The concept of beauty in men is known as ‘bishōnen‘ in Japan. Bishōnen refers to males with distinctly feminine features, physical characteristics establishing the standard of beauty in Japan and typically exhibited in their pop culture idols. A multi-billion-dollar industry of Japanese Aesthetic Salons exists.

Effects on society

Chinese Jade ornament with flower design, Jin Dynasty (1115-1234 AD),Shanghai Museum.
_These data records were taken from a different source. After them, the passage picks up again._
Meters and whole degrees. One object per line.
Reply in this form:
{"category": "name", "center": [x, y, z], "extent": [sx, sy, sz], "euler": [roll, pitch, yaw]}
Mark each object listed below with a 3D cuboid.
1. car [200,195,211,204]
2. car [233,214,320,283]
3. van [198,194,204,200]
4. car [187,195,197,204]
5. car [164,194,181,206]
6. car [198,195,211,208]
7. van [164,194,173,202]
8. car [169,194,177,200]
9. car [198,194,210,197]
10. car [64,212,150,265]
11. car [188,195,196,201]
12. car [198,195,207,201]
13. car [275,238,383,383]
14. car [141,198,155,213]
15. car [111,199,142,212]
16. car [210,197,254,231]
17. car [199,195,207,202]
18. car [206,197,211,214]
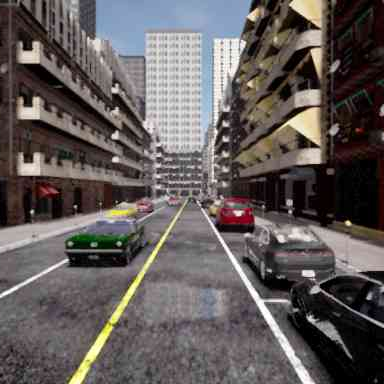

Beauty presents a standard of comparison, and it can cause resentment and dissatisfaction when not achieved. People who do not fit the “beauty ideal” may be ostracized within their communities. The television sitcom Ugly Betty portrays the life of a girl faced with hardships due to society’s unwelcoming attitudes toward those they deem unattractive. However, a person may also be targeted for harassment because of their beauty. In Malèna, a strikingly beautiful Italian woman is forced into poverty by the women of the community who refuse to give her work for fear that she may “woo” their husbands. The documentary Beauty in the Eyes of the Beheld explores both the societal blessings and curses of female beauty through interviews of women considered beautiful.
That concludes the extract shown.